Organization: Michael Böhlen and Przemyslaw Uznanski
Teaching language: English
Level: PhD, MSc and advanced BSc students
Academic Year: Spring 2018

Friday 23.2.2018, 14.15-16.00h   
Saturday 28.4.2018, 8.15 - 16.00h 
Saturday 19.5.2018, 8.15 - 16.00h

Overview and objectives: The area of this year's seminar is Locality-Sensitive Hashing, Similarity, and Nearest Neighbours. Students learn how to critically read and study research papers, how to summarize the contents of a paper, and how to present it in a seminar.

Teaching format: Each participant writes a self-contained report of about 10 pages and gives a 30 minutes presentation (blackboard, without a computer).

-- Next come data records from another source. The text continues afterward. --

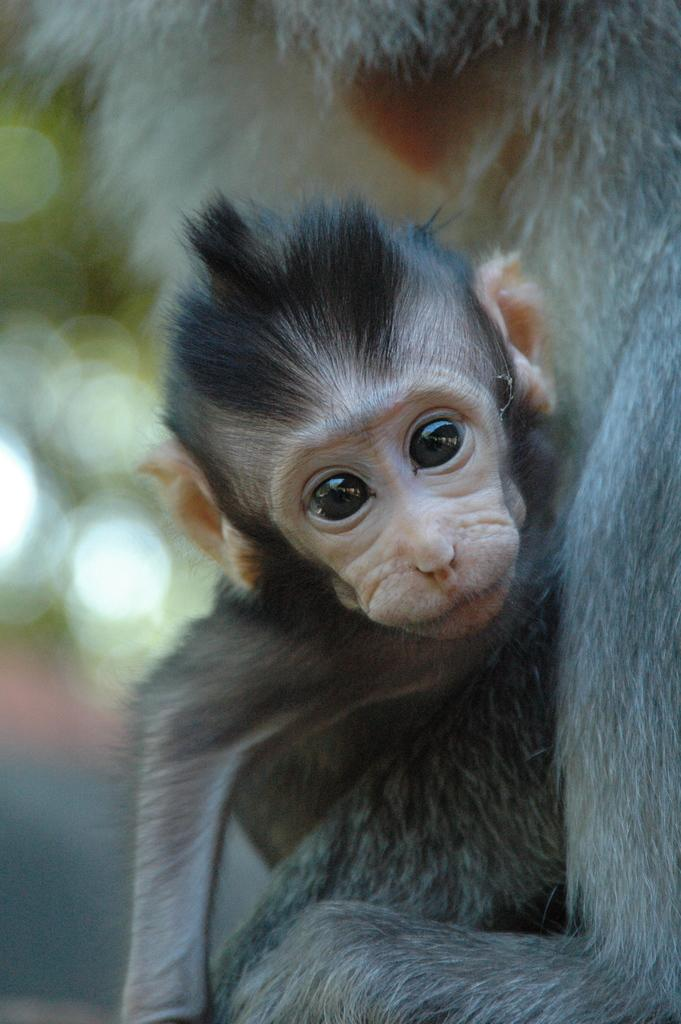What type of animal is in the image? There is a monkey in the image. Can you describe the background of the image? The background of the image is blurred. What type of loss is the monkey experiencing in the image? There is no indication of any loss in the image; the monkey is simply present. 
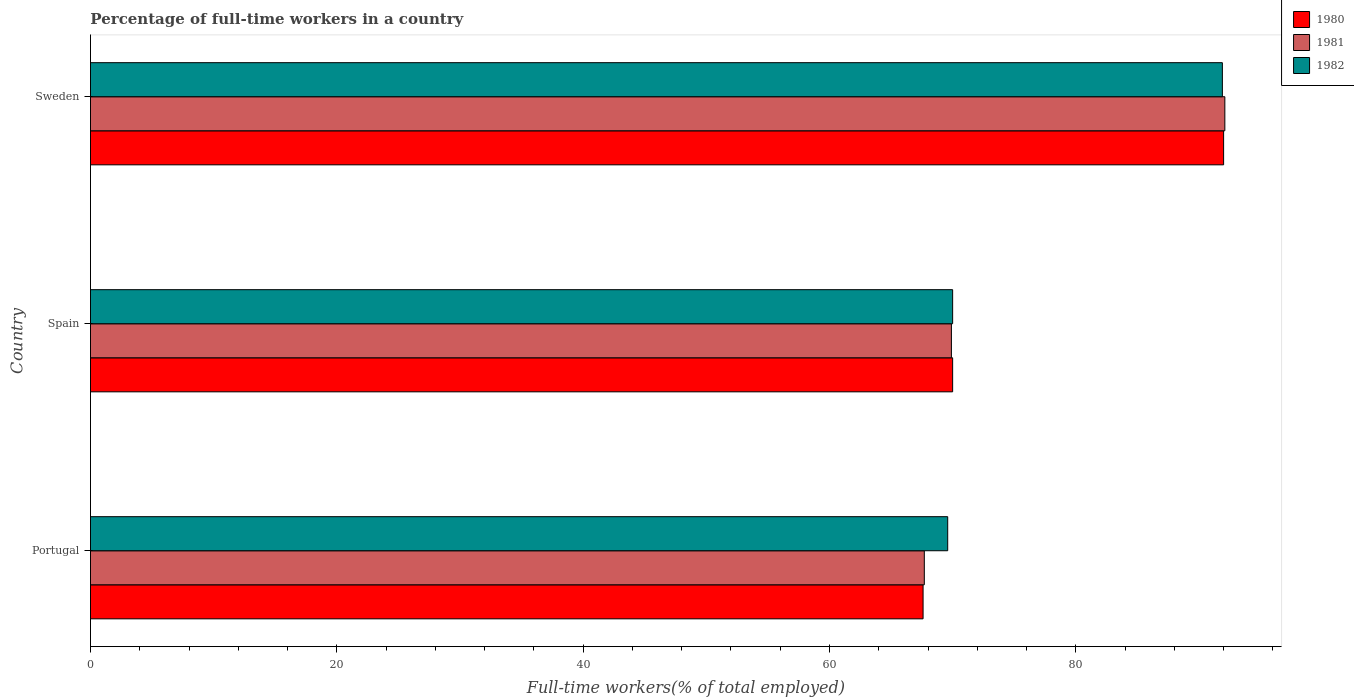How many groups of bars are there?
Your answer should be very brief. 3. Are the number of bars on each tick of the Y-axis equal?
Your answer should be very brief. Yes. How many bars are there on the 3rd tick from the top?
Your answer should be compact. 3. What is the percentage of full-time workers in 1981 in Portugal?
Your answer should be compact. 67.7. Across all countries, what is the maximum percentage of full-time workers in 1981?
Ensure brevity in your answer.  92.1. Across all countries, what is the minimum percentage of full-time workers in 1981?
Make the answer very short. 67.7. In which country was the percentage of full-time workers in 1981 minimum?
Make the answer very short. Portugal. What is the total percentage of full-time workers in 1982 in the graph?
Offer a terse response. 231.5. What is the difference between the percentage of full-time workers in 1981 in Spain and that in Sweden?
Offer a very short reply. -22.2. What is the difference between the percentage of full-time workers in 1982 in Portugal and the percentage of full-time workers in 1980 in Sweden?
Your answer should be very brief. -22.4. What is the average percentage of full-time workers in 1980 per country?
Your answer should be compact. 76.53. What is the difference between the percentage of full-time workers in 1980 and percentage of full-time workers in 1981 in Portugal?
Provide a short and direct response. -0.1. In how many countries, is the percentage of full-time workers in 1982 greater than 48 %?
Your answer should be very brief. 3. What is the ratio of the percentage of full-time workers in 1982 in Portugal to that in Sweden?
Your answer should be very brief. 0.76. Is the difference between the percentage of full-time workers in 1980 in Portugal and Spain greater than the difference between the percentage of full-time workers in 1981 in Portugal and Spain?
Keep it short and to the point. No. What is the difference between the highest and the second highest percentage of full-time workers in 1981?
Ensure brevity in your answer.  22.2. What is the difference between the highest and the lowest percentage of full-time workers in 1982?
Your response must be concise. 22.3. Are all the bars in the graph horizontal?
Ensure brevity in your answer.  Yes. Are the values on the major ticks of X-axis written in scientific E-notation?
Your answer should be compact. No. Does the graph contain any zero values?
Give a very brief answer. No. Does the graph contain grids?
Your answer should be very brief. No. How are the legend labels stacked?
Your answer should be very brief. Vertical. What is the title of the graph?
Your response must be concise. Percentage of full-time workers in a country. What is the label or title of the X-axis?
Offer a very short reply. Full-time workers(% of total employed). What is the Full-time workers(% of total employed) in 1980 in Portugal?
Provide a short and direct response. 67.6. What is the Full-time workers(% of total employed) in 1981 in Portugal?
Your answer should be very brief. 67.7. What is the Full-time workers(% of total employed) of 1982 in Portugal?
Ensure brevity in your answer.  69.6. What is the Full-time workers(% of total employed) in 1980 in Spain?
Provide a short and direct response. 70. What is the Full-time workers(% of total employed) in 1981 in Spain?
Offer a very short reply. 69.9. What is the Full-time workers(% of total employed) of 1980 in Sweden?
Give a very brief answer. 92. What is the Full-time workers(% of total employed) of 1981 in Sweden?
Give a very brief answer. 92.1. What is the Full-time workers(% of total employed) in 1982 in Sweden?
Make the answer very short. 91.9. Across all countries, what is the maximum Full-time workers(% of total employed) in 1980?
Provide a short and direct response. 92. Across all countries, what is the maximum Full-time workers(% of total employed) of 1981?
Give a very brief answer. 92.1. Across all countries, what is the maximum Full-time workers(% of total employed) in 1982?
Provide a succinct answer. 91.9. Across all countries, what is the minimum Full-time workers(% of total employed) in 1980?
Your response must be concise. 67.6. Across all countries, what is the minimum Full-time workers(% of total employed) of 1981?
Offer a terse response. 67.7. Across all countries, what is the minimum Full-time workers(% of total employed) in 1982?
Your answer should be compact. 69.6. What is the total Full-time workers(% of total employed) in 1980 in the graph?
Your response must be concise. 229.6. What is the total Full-time workers(% of total employed) of 1981 in the graph?
Offer a terse response. 229.7. What is the total Full-time workers(% of total employed) of 1982 in the graph?
Make the answer very short. 231.5. What is the difference between the Full-time workers(% of total employed) of 1980 in Portugal and that in Spain?
Your response must be concise. -2.4. What is the difference between the Full-time workers(% of total employed) of 1981 in Portugal and that in Spain?
Your response must be concise. -2.2. What is the difference between the Full-time workers(% of total employed) in 1982 in Portugal and that in Spain?
Provide a succinct answer. -0.4. What is the difference between the Full-time workers(% of total employed) of 1980 in Portugal and that in Sweden?
Offer a very short reply. -24.4. What is the difference between the Full-time workers(% of total employed) of 1981 in Portugal and that in Sweden?
Offer a terse response. -24.4. What is the difference between the Full-time workers(% of total employed) of 1982 in Portugal and that in Sweden?
Make the answer very short. -22.3. What is the difference between the Full-time workers(% of total employed) in 1980 in Spain and that in Sweden?
Provide a succinct answer. -22. What is the difference between the Full-time workers(% of total employed) of 1981 in Spain and that in Sweden?
Offer a terse response. -22.2. What is the difference between the Full-time workers(% of total employed) in 1982 in Spain and that in Sweden?
Keep it short and to the point. -21.9. What is the difference between the Full-time workers(% of total employed) of 1980 in Portugal and the Full-time workers(% of total employed) of 1981 in Sweden?
Your answer should be compact. -24.5. What is the difference between the Full-time workers(% of total employed) in 1980 in Portugal and the Full-time workers(% of total employed) in 1982 in Sweden?
Your answer should be very brief. -24.3. What is the difference between the Full-time workers(% of total employed) of 1981 in Portugal and the Full-time workers(% of total employed) of 1982 in Sweden?
Ensure brevity in your answer.  -24.2. What is the difference between the Full-time workers(% of total employed) of 1980 in Spain and the Full-time workers(% of total employed) of 1981 in Sweden?
Give a very brief answer. -22.1. What is the difference between the Full-time workers(% of total employed) of 1980 in Spain and the Full-time workers(% of total employed) of 1982 in Sweden?
Ensure brevity in your answer.  -21.9. What is the difference between the Full-time workers(% of total employed) in 1981 in Spain and the Full-time workers(% of total employed) in 1982 in Sweden?
Offer a terse response. -22. What is the average Full-time workers(% of total employed) of 1980 per country?
Provide a short and direct response. 76.53. What is the average Full-time workers(% of total employed) in 1981 per country?
Offer a terse response. 76.57. What is the average Full-time workers(% of total employed) in 1982 per country?
Your answer should be compact. 77.17. What is the difference between the Full-time workers(% of total employed) in 1981 and Full-time workers(% of total employed) in 1982 in Sweden?
Offer a very short reply. 0.2. What is the ratio of the Full-time workers(% of total employed) in 1980 in Portugal to that in Spain?
Provide a short and direct response. 0.97. What is the ratio of the Full-time workers(% of total employed) of 1981 in Portugal to that in Spain?
Ensure brevity in your answer.  0.97. What is the ratio of the Full-time workers(% of total employed) of 1980 in Portugal to that in Sweden?
Offer a terse response. 0.73. What is the ratio of the Full-time workers(% of total employed) in 1981 in Portugal to that in Sweden?
Provide a short and direct response. 0.74. What is the ratio of the Full-time workers(% of total employed) in 1982 in Portugal to that in Sweden?
Ensure brevity in your answer.  0.76. What is the ratio of the Full-time workers(% of total employed) of 1980 in Spain to that in Sweden?
Your answer should be compact. 0.76. What is the ratio of the Full-time workers(% of total employed) in 1981 in Spain to that in Sweden?
Offer a terse response. 0.76. What is the ratio of the Full-time workers(% of total employed) in 1982 in Spain to that in Sweden?
Provide a short and direct response. 0.76. What is the difference between the highest and the second highest Full-time workers(% of total employed) of 1980?
Your answer should be very brief. 22. What is the difference between the highest and the second highest Full-time workers(% of total employed) of 1982?
Give a very brief answer. 21.9. What is the difference between the highest and the lowest Full-time workers(% of total employed) in 1980?
Your response must be concise. 24.4. What is the difference between the highest and the lowest Full-time workers(% of total employed) of 1981?
Your answer should be very brief. 24.4. What is the difference between the highest and the lowest Full-time workers(% of total employed) of 1982?
Offer a terse response. 22.3.

Each participant has a buddy. Buddies read the report, make suggestions for improvements, and help with the presentation (e.g., dry runs). The first version of the report is due two weeks before the date of the presentation, and will be discussed with the buddy and the professor about one week before the presentation. The final versions of the report are due on the day of the seminar.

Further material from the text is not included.